Give yourself time to adjust

If you just started a new job and are already unhappy, it can be tempting to just throw it all away and leave. But don’t jump the gun.

Sometimes all it takes to warm up to a job is getting your feet wet. Acclimating to a new environment, learning your responsibilities, and getting to know your coworkers could change your opinion of the job.

So before rushing out the door or branding your new job as horrible, give it a chance.

Take steps to improve your well-being outside of work

Being miserable at work may affect your personal life, but low life satisfaction can make work a lot worse than it might be otherwise, too.

Sometimes what we think is just aggravation caused by work is actually a deeper issue.

Reflect on what’s actually causing your stress, anxiety, or sadness. Talking with a friend or therapist could help you figure out how to make positive changes in and out of work.

If the problem is that work simply isn’t fulfilling you, consider looking outside your job for mental satisfaction. New friendships, a volunteer position, or just a new hobby could help fill the void left by an unsatisfying job.

Create new connections

One productive thing you can do is network.

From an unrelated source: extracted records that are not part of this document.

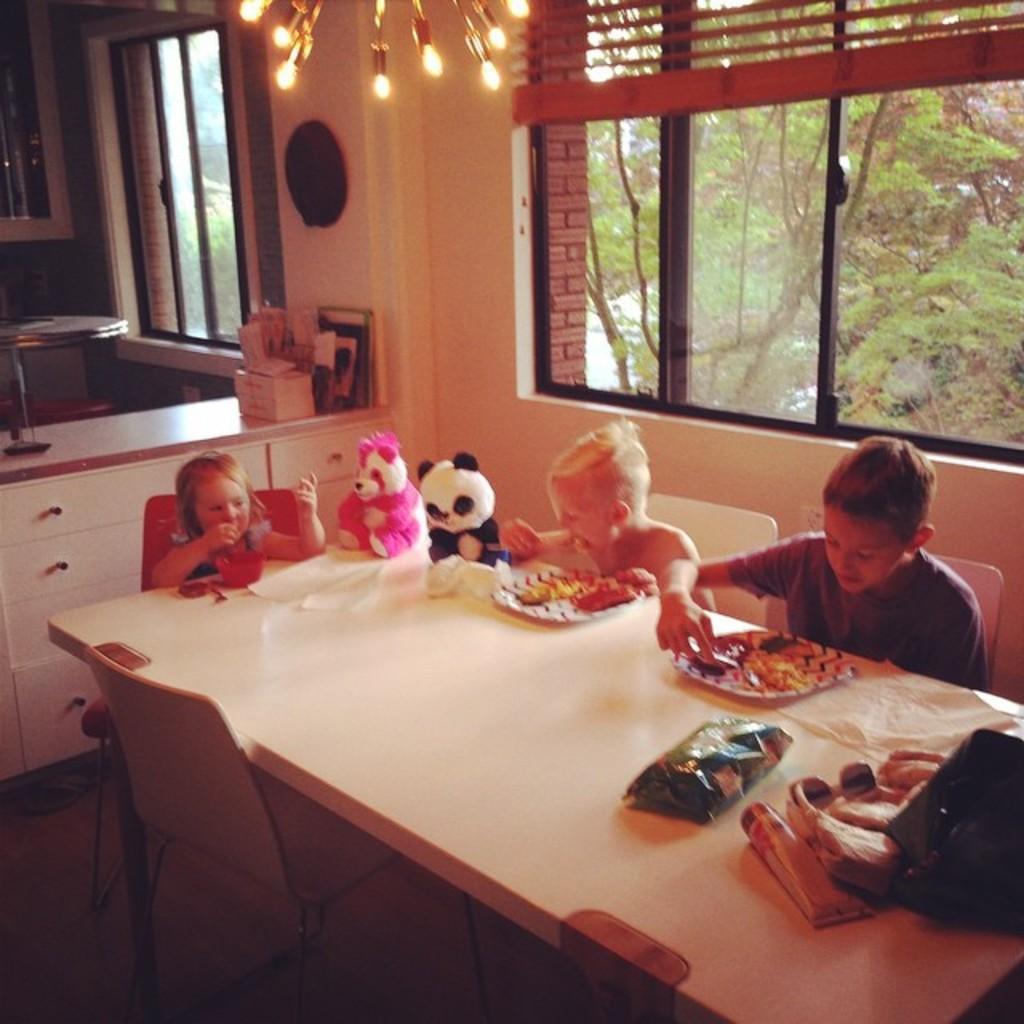How would you summarize this image in a sentence or two? In the image we can see three persons were sitting on the chair around the table. On table we can see some food items and in center we can see two teddy bears. And back we can see window,wall,mirror,trees and some more objects around them. 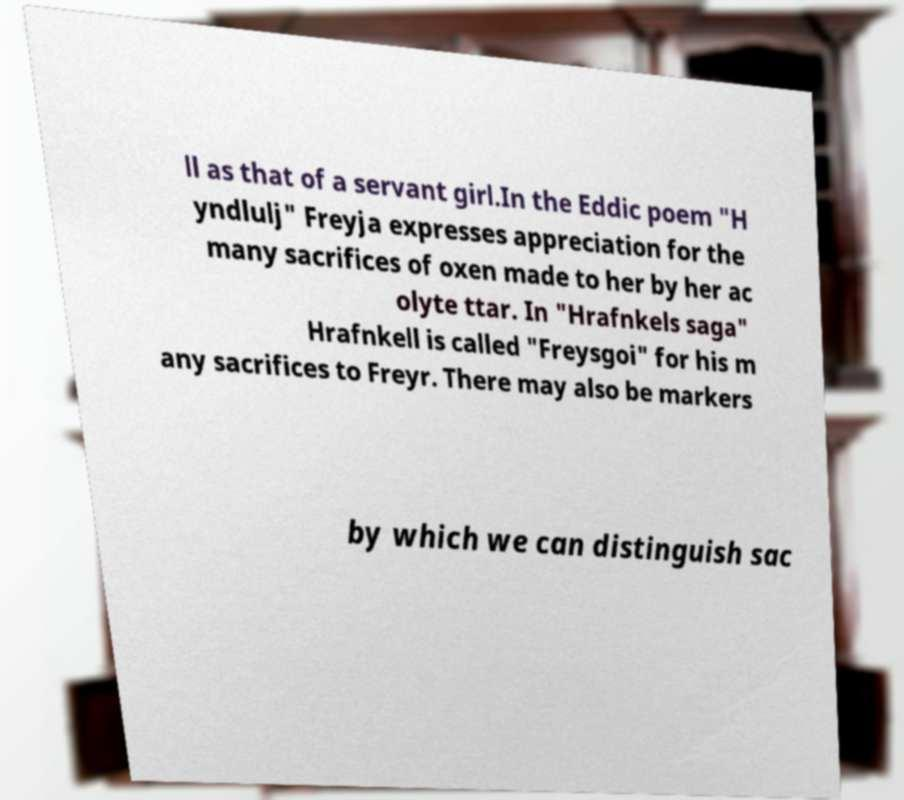Can you read and provide the text displayed in the image?This photo seems to have some interesting text. Can you extract and type it out for me? ll as that of a servant girl.In the Eddic poem "H yndlulj" Freyja expresses appreciation for the many sacrifices of oxen made to her by her ac olyte ttar. In "Hrafnkels saga" Hrafnkell is called "Freysgoi" for his m any sacrifices to Freyr. There may also be markers by which we can distinguish sac 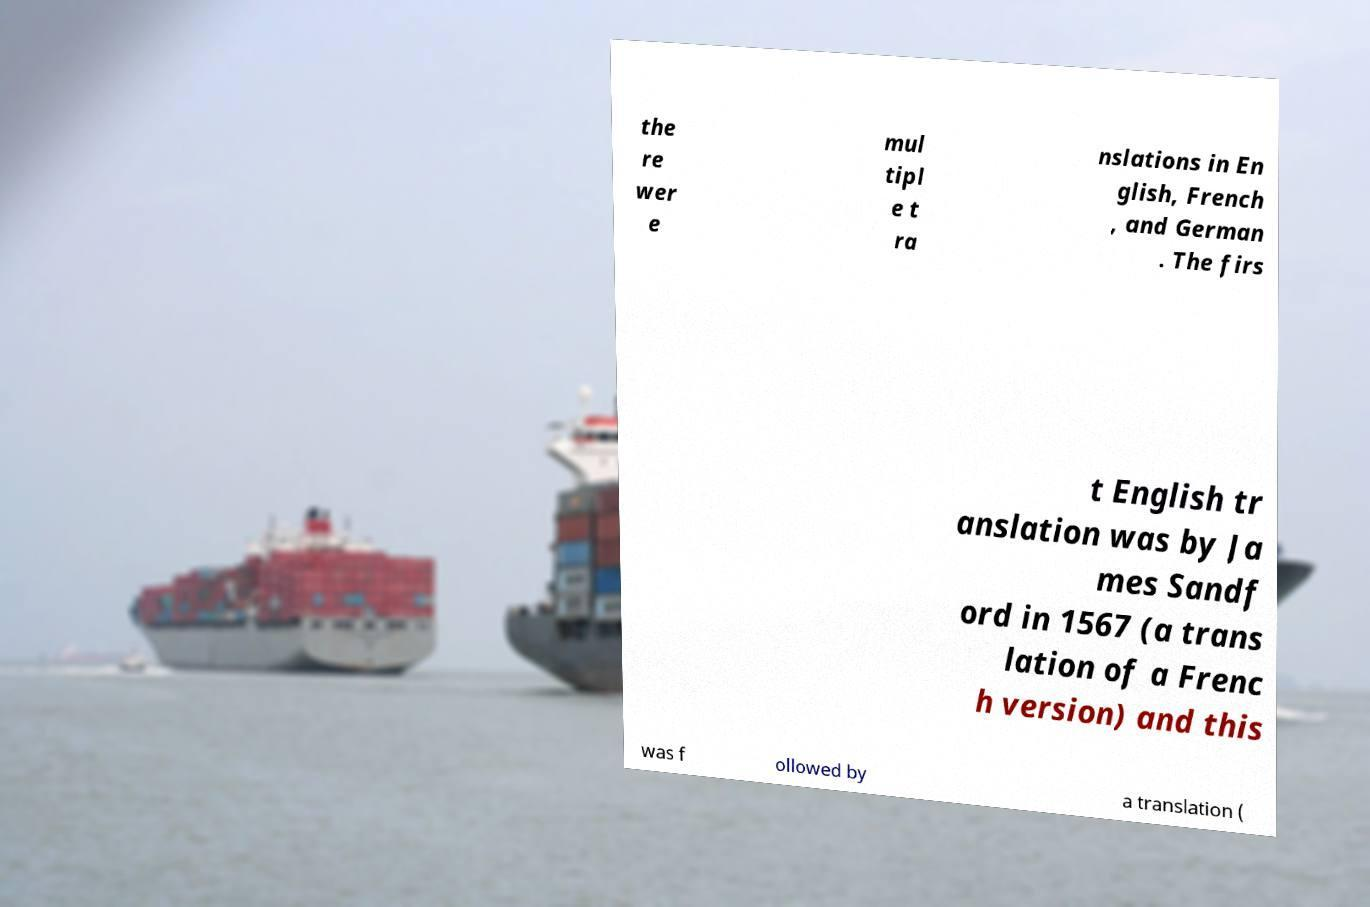Please read and relay the text visible in this image. What does it say? the re wer e mul tipl e t ra nslations in En glish, French , and German . The firs t English tr anslation was by Ja mes Sandf ord in 1567 (a trans lation of a Frenc h version) and this was f ollowed by a translation ( 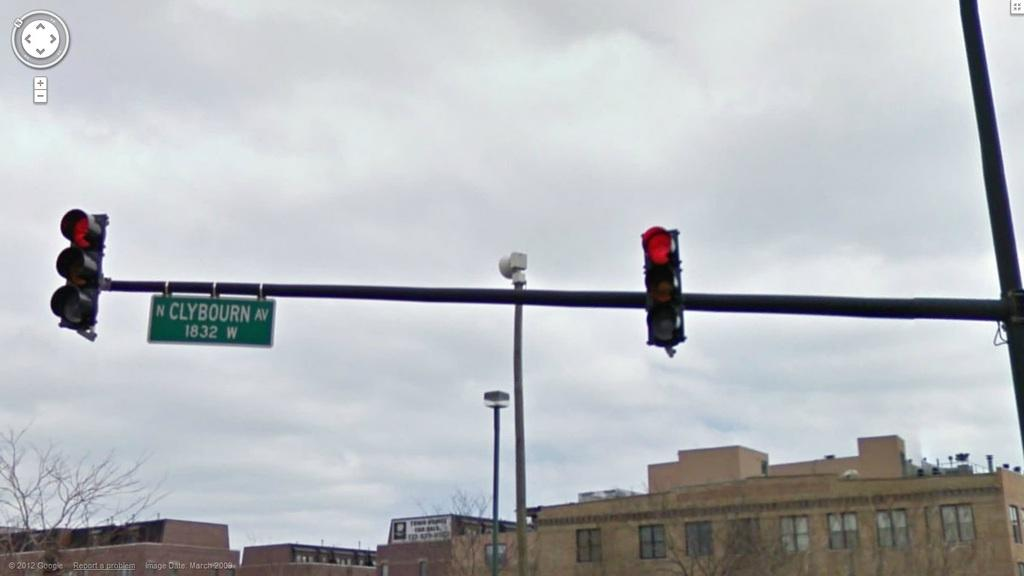<image>
Offer a succinct explanation of the picture presented. A red traffic light on North Clybourn Avenue. 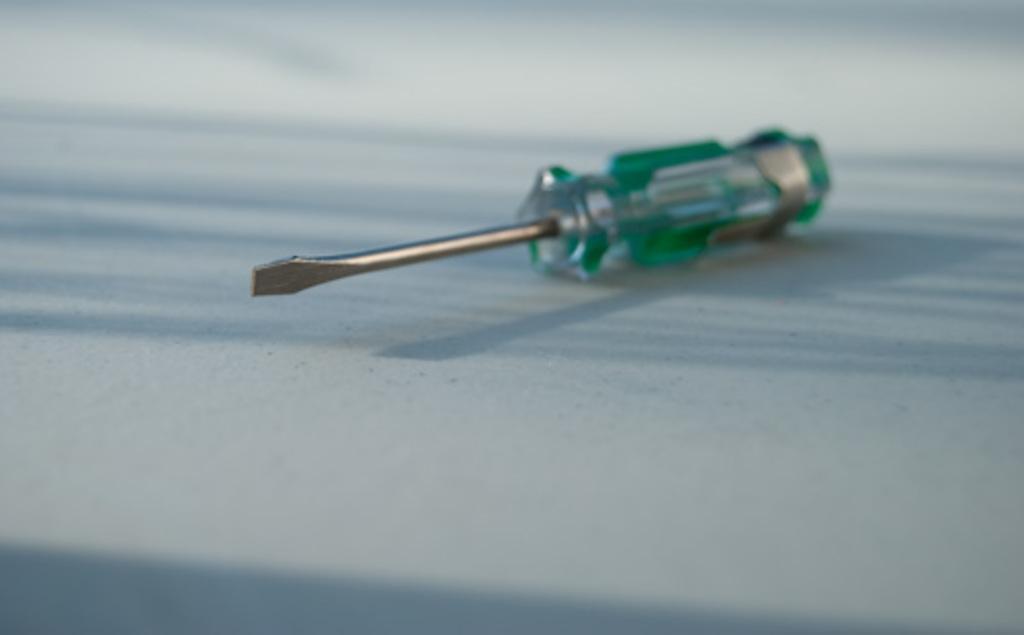Describe this image in one or two sentences. This image consists of a screw driver kept on the floor.

Creating connections with supervisors, co-workers, and clients could be the key to landing your next job.

A whopping 60% of all jobs are found by networking.

Start talking with people and exchanging business cards. It may take only one good connection to open up better opportunities.

Resign with class

There comes a time when leaving a job you hate is the only remaining option.

It’s likely time to leave if:

  • you wake up dreading work every single day
  • you see no future or room for growth
  • your mental and physical health are taking a hit
  • you’ve tried everything to make it better

Instead of storming into the boss’s office and yelling “I quit,” take the time to write your resignation letter giving your two weeks’ notice. Consider offering to train someone to take over your duties, and leave with no hard feelings.

Remember: You might need a referral for a new position, or the new job might want to call your old one for a reference. As the saying goes, you don’t want to “burn any bridges” on your way out the door.

You want to leave on a good note so you can start your new position with renewed energy and better perspective.

There’s no one-size-fits-all approach to managing a job that you hate. Each situation is unique.

It can be hard to stay positive when work is miserable, but there are steps you can take to improve your working life and overall well-being.

If you’re still unhappy and are able to explore other options, it might be time to look for another job.